* Exercise details: What you write should be an exact repeat of the lines from the one with "Fill in this" through the final line below, minus the pictures.

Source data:
------------------------------------------------

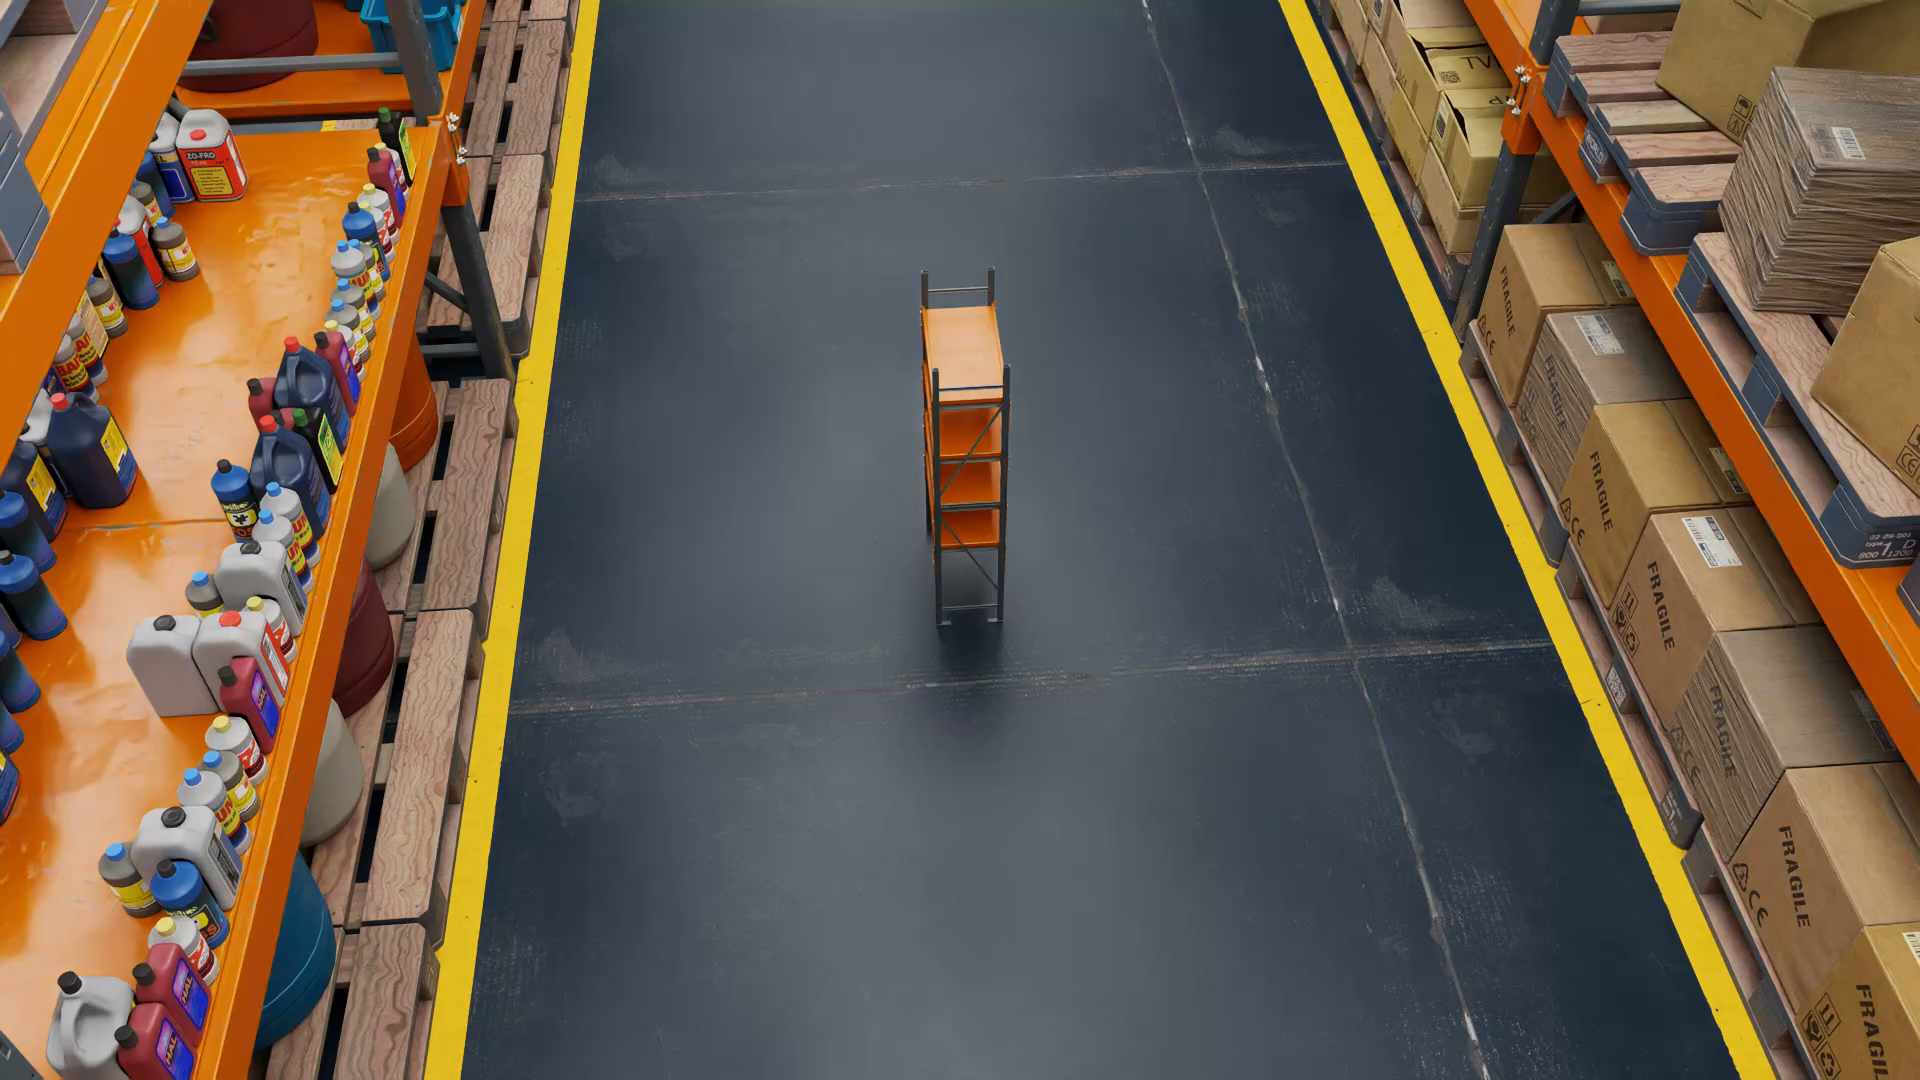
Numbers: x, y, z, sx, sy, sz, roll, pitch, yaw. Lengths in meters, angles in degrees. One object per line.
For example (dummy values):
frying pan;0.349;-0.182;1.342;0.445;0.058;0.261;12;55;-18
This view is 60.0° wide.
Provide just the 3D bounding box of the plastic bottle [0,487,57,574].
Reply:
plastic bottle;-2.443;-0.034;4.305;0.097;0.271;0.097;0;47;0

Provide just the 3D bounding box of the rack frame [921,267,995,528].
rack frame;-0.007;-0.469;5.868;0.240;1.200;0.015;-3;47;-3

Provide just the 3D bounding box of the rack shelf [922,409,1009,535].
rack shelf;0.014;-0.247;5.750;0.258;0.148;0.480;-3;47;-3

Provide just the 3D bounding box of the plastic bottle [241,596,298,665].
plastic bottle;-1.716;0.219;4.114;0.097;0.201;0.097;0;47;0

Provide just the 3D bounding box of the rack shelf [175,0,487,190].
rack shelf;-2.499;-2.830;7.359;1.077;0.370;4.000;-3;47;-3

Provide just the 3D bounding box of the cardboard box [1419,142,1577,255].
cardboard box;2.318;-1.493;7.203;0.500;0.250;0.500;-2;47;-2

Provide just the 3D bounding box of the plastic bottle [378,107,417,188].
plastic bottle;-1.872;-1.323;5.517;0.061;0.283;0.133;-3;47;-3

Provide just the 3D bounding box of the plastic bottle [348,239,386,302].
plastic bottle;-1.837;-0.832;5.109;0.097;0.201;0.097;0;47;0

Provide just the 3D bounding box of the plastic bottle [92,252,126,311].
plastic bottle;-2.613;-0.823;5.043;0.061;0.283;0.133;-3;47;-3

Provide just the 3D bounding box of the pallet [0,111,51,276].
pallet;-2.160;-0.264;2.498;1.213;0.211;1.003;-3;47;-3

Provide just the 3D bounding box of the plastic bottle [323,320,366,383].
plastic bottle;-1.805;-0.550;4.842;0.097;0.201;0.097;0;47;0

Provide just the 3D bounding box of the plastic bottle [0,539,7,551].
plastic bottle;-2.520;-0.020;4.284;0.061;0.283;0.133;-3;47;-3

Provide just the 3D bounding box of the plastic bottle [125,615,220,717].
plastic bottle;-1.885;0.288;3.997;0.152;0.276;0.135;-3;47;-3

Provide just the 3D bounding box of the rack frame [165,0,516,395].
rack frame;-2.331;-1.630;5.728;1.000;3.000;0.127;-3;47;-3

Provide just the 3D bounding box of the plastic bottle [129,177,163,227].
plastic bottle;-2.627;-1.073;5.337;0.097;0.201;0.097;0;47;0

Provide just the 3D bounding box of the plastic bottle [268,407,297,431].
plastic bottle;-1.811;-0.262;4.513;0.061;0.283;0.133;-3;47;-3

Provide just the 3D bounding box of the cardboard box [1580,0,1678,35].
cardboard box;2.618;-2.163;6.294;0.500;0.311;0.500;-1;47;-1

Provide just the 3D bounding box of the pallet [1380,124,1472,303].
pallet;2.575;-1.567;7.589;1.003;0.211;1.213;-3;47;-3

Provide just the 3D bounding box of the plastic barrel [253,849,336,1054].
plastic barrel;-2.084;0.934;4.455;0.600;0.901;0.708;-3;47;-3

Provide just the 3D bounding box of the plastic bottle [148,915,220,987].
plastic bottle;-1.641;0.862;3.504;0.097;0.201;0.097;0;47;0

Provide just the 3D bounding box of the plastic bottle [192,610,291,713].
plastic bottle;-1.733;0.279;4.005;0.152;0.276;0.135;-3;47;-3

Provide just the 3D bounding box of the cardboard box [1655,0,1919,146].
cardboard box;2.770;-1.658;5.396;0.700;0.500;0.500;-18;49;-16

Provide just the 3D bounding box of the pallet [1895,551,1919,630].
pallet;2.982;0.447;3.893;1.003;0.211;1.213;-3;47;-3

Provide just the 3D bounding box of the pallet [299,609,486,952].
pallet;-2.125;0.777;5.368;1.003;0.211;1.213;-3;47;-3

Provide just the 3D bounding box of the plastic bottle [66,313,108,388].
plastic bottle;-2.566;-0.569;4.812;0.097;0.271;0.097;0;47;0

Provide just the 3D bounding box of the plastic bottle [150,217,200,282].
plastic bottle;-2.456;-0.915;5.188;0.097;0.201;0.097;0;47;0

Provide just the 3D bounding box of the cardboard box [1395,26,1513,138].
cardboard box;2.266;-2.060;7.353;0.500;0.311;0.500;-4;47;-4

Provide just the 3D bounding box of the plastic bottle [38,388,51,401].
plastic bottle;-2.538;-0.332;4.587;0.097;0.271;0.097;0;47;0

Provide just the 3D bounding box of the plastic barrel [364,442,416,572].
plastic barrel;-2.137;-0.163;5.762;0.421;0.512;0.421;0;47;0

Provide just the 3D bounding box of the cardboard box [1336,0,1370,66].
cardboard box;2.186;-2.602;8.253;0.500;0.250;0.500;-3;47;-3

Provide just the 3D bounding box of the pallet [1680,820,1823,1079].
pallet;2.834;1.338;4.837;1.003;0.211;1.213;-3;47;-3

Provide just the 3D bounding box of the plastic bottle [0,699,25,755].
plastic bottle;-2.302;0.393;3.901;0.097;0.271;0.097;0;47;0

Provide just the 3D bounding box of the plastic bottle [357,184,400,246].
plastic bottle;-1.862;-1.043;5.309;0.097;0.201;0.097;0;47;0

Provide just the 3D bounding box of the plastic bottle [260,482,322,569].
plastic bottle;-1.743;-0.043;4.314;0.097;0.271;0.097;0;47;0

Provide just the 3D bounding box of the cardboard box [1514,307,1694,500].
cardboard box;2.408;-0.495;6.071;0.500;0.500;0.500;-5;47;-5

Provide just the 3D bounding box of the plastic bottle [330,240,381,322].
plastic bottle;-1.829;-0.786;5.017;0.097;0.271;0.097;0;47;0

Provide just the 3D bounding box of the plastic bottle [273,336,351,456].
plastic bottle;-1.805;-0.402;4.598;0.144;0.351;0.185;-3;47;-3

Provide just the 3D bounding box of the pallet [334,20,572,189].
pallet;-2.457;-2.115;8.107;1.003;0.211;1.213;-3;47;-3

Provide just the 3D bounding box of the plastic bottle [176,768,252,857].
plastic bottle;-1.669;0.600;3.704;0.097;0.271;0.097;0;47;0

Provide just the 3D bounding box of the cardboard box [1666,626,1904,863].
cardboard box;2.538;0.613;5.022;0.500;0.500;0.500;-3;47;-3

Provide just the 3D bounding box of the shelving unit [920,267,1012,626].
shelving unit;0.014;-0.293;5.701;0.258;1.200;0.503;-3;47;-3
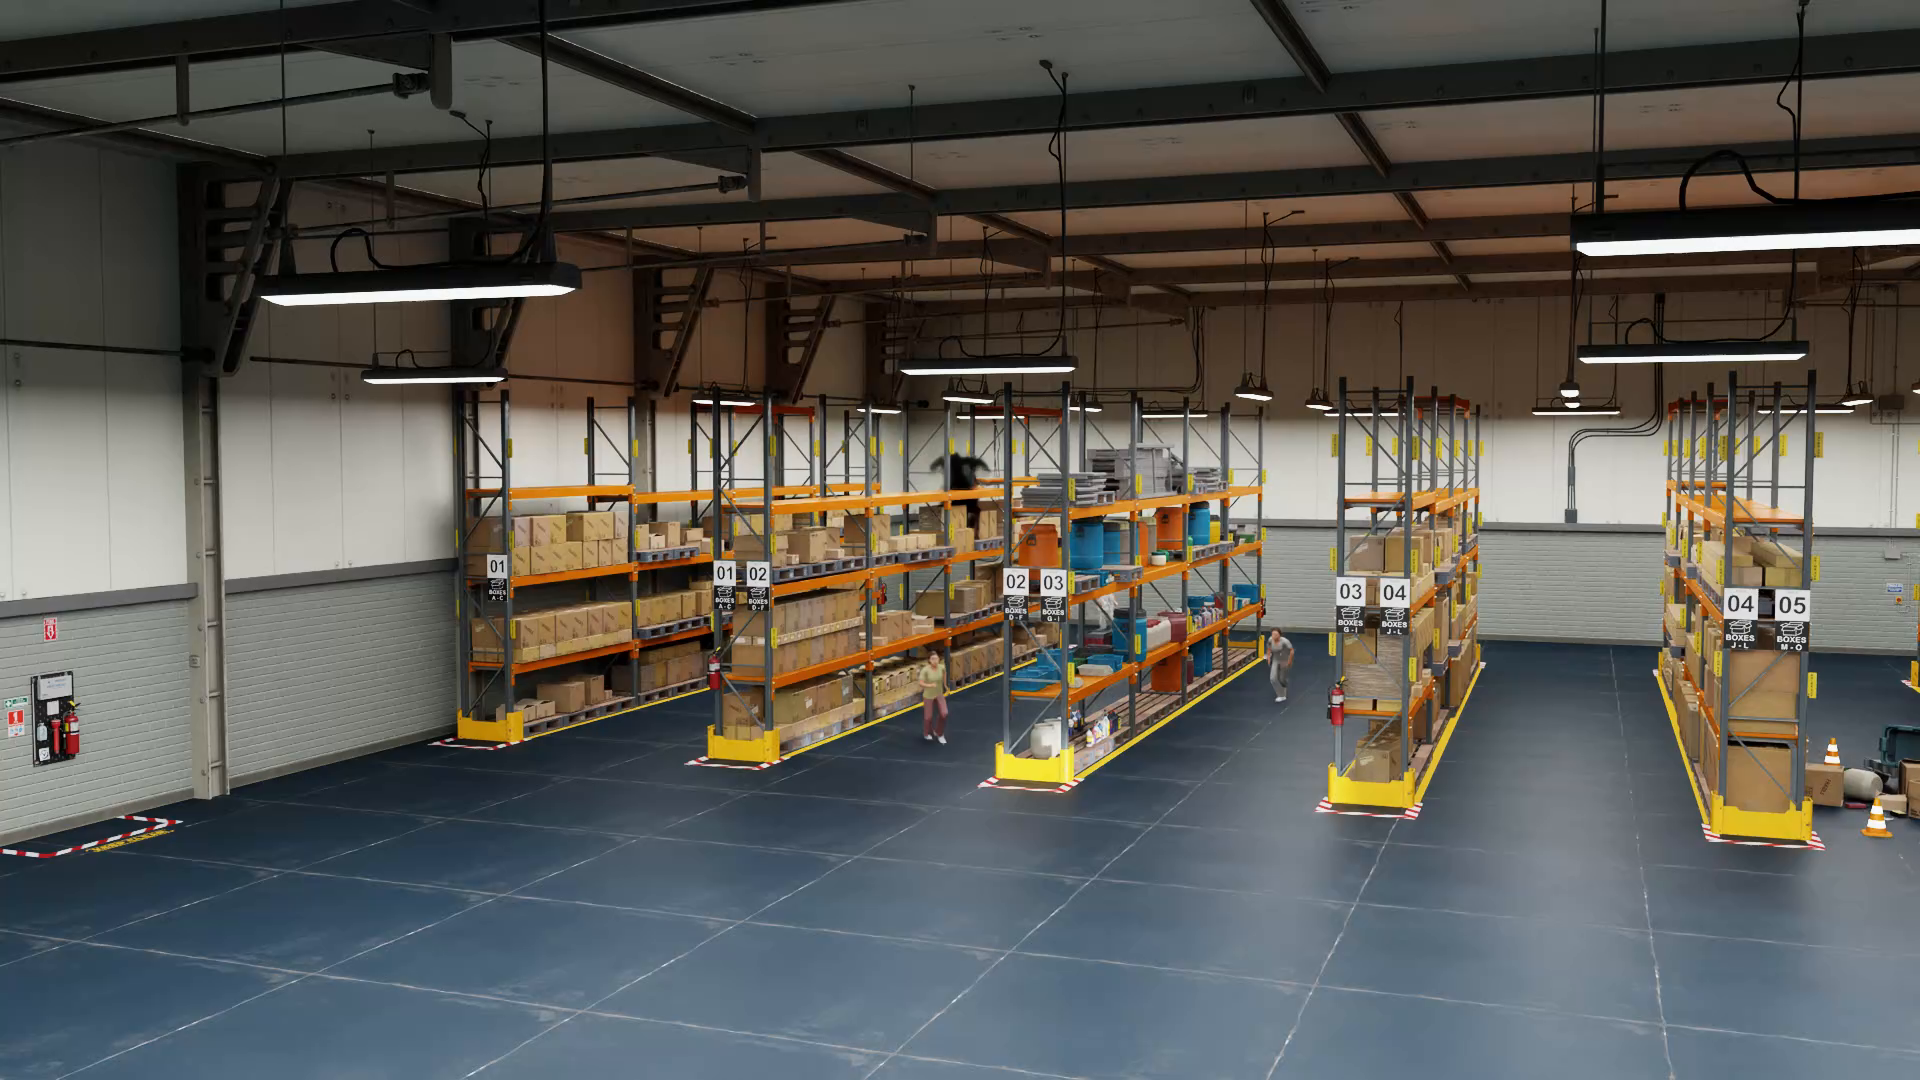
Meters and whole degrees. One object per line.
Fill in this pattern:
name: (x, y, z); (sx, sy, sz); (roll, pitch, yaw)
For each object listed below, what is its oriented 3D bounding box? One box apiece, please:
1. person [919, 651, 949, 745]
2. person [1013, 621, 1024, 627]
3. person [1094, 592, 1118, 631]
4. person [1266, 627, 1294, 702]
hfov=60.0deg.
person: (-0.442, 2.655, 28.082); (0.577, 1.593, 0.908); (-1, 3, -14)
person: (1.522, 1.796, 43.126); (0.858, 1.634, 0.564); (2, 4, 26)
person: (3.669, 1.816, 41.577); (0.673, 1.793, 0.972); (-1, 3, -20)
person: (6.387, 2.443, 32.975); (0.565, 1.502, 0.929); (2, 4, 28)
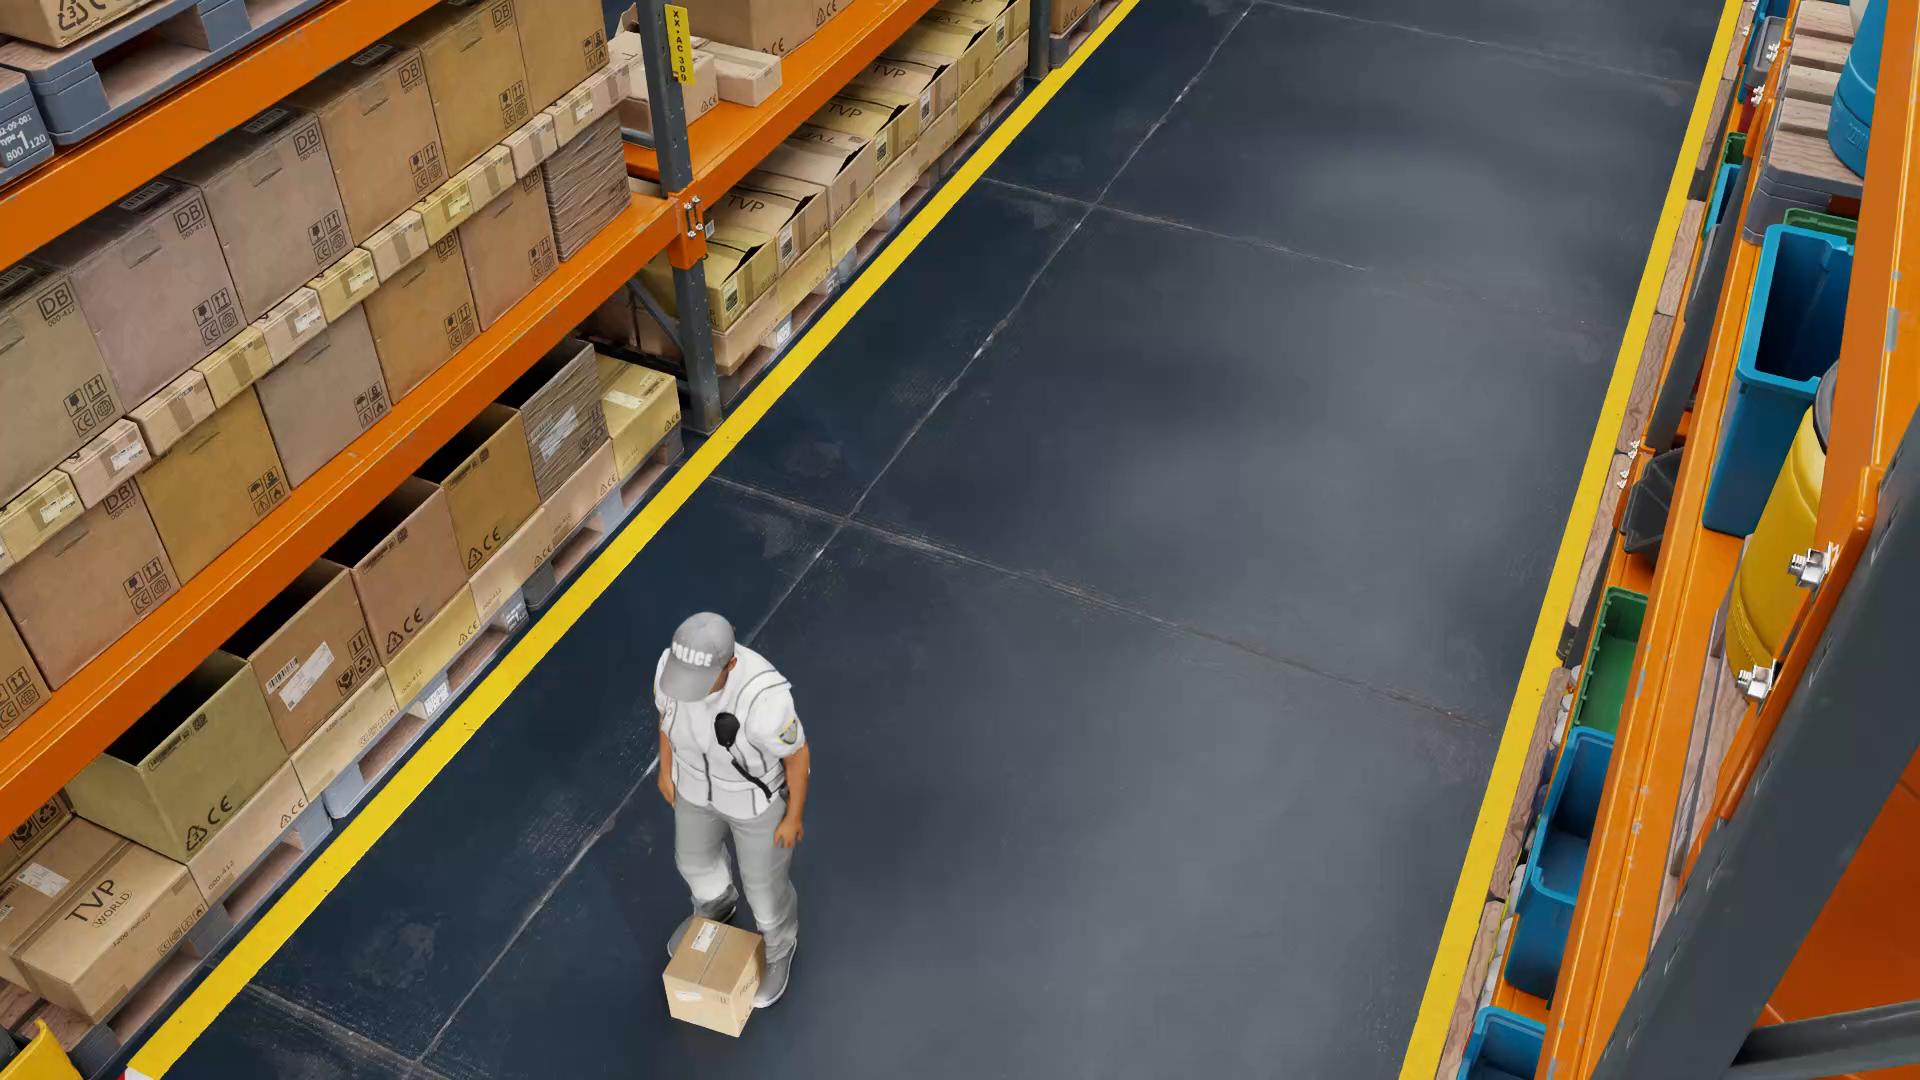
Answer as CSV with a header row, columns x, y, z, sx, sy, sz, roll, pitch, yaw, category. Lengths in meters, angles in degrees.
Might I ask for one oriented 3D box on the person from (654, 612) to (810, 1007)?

------------------------------------------------

* Worked solution:
Fill in this pattern:
name: (x, y, z); (sx, sy, sz); (roll, pitch, yaw)
For each object listed below, what is its oriented 3D bounding box? One box apiece, please:
1. person [919, 651, 949, 745]
2. person [1013, 621, 1024, 627]
3. person [1094, 592, 1118, 631]
4. person [1266, 627, 1294, 702]
hfov=60.0deg.
person: (-0.442, 2.655, 28.082); (0.577, 1.593, 0.908); (-1, 3, -14)
person: (1.522, 1.796, 43.126); (0.858, 1.634, 0.564); (2, 4, 26)
person: (3.669, 1.816, 41.577); (0.673, 1.793, 0.972); (-1, 3, -20)
person: (6.387, 2.443, 32.975); (0.565, 1.502, 0.929); (2, 4, 28)
Answer as CSV with a header row, columns x, y, z, sx, sy, sz, roll, pitch, yaw, category. Lengths in meters, angles in degrees.
Might I ask for one oriented 3D box on the person from (654, 612) to (810, 1007)?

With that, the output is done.